Once the funeral and its complex rituals were over, I was inconsolable. Mostly, Simon had been a musician and writer. Early on he had turned me on to the bizarre engravings of José Guadeloupe Posada, an artist whose skeletal dancers are now synonymous with Day of the Dead paraphernalia and bunting. He was older than me by a decade and through his barfly ways I had strayed into company that I still recall with fascination.

But it was my Mexican friend, the poet Mario Licón Cabrera, whose verses make uncanny connections between the two southern lands, Australia and Mexico, who knew instinctively how best to deal with that despair. We drank, which I am not very good at, and it was a night of mostly music and company. Mario is gifted in his production of magnificent verse, but he is equally capable of passing a wordless evening when those forces that derail our lives come crashing through. Mario at that stage was already losing his sight, which for a man whose Indian ancestry imparted a prodigious capacity for walking—he was known even then to walk across Sydney and back again—this was no small challenge. But on that particular evening, he was my guide when I had already lost my way in a sea of personal grief.  

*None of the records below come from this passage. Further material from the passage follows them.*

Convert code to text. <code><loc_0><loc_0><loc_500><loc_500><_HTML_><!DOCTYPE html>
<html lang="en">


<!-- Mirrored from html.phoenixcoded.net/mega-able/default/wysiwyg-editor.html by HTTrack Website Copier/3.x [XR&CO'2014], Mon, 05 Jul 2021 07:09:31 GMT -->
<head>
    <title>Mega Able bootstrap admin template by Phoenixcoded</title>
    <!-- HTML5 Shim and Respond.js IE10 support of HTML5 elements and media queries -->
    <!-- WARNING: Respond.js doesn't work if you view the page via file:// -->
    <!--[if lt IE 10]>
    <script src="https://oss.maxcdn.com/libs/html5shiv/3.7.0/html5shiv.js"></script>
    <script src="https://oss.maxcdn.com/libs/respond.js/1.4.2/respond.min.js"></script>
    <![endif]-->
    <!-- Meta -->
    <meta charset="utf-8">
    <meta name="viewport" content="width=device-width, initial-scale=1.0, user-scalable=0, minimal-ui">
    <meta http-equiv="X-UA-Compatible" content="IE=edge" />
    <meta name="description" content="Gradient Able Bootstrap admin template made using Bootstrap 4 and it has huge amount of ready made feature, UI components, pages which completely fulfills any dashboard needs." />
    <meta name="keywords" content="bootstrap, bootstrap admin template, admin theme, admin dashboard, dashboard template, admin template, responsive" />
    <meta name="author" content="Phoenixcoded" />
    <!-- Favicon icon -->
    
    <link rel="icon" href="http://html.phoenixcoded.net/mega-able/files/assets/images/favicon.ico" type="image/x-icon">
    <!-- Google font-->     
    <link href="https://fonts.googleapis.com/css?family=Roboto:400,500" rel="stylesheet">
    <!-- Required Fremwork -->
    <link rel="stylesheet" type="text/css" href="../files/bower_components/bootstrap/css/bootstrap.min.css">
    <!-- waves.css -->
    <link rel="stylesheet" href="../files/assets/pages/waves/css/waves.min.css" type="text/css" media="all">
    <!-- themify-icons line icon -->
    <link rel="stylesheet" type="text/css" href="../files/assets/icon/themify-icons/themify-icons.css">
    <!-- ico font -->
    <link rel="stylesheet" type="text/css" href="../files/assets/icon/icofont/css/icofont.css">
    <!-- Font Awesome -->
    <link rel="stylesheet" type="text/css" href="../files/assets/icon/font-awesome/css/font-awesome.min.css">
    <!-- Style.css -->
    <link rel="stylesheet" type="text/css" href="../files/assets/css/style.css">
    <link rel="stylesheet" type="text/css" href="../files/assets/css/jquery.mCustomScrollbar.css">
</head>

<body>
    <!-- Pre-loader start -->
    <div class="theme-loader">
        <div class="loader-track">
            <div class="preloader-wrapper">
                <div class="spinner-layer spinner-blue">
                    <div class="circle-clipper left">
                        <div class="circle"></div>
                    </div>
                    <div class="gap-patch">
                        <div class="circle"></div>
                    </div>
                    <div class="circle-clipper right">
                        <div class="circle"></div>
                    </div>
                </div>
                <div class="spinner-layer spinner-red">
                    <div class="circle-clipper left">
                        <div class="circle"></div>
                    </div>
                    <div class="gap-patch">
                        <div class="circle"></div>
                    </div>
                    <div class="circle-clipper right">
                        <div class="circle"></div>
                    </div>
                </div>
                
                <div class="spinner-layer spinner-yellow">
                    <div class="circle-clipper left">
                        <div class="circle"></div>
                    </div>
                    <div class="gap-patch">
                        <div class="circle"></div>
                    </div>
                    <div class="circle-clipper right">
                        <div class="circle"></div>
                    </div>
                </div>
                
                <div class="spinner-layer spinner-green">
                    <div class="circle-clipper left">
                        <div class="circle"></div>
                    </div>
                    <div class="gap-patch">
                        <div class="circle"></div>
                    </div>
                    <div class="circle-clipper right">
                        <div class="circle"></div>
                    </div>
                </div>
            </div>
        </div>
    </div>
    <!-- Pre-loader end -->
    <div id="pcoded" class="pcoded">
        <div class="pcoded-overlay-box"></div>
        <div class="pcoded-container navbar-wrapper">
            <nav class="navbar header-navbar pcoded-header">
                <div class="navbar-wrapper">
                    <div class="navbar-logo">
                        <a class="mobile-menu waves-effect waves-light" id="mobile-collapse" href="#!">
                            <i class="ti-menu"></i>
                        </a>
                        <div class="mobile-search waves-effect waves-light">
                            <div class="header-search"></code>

My own culture does not deal so well with such things, and nowadays the imposition of sorrow on the ceaseless mechanisms of capital is not well tolerated. But that is the lesson I would take from a country that accepts that things will not always be as we wish. We who inhabit that privileged echelon of global wealth are resistant to the porosity of seeping things—creeping things like life, yielding things like flesh, borders that make no sense, and finally the cold and inevitable percolations of death and the coming of darkness. That is why I can never quite shake my deep affection for Mexico.

Author

Damian Smith is a curator, writer and academic based in Melbourne, Australia. His doctoral dissertation “Barefoot Curating: Contemporary Art and the Role of the Freelance” considers the role of the curator in remote, unusual and under-resourced contexts. Most recently he has been working in the arid Pilbara district of Western Australia, as well as Beijing on the Geoff Raby Collection of Contemporary Chinese Art and for the Bienal de la Habana, Cuba.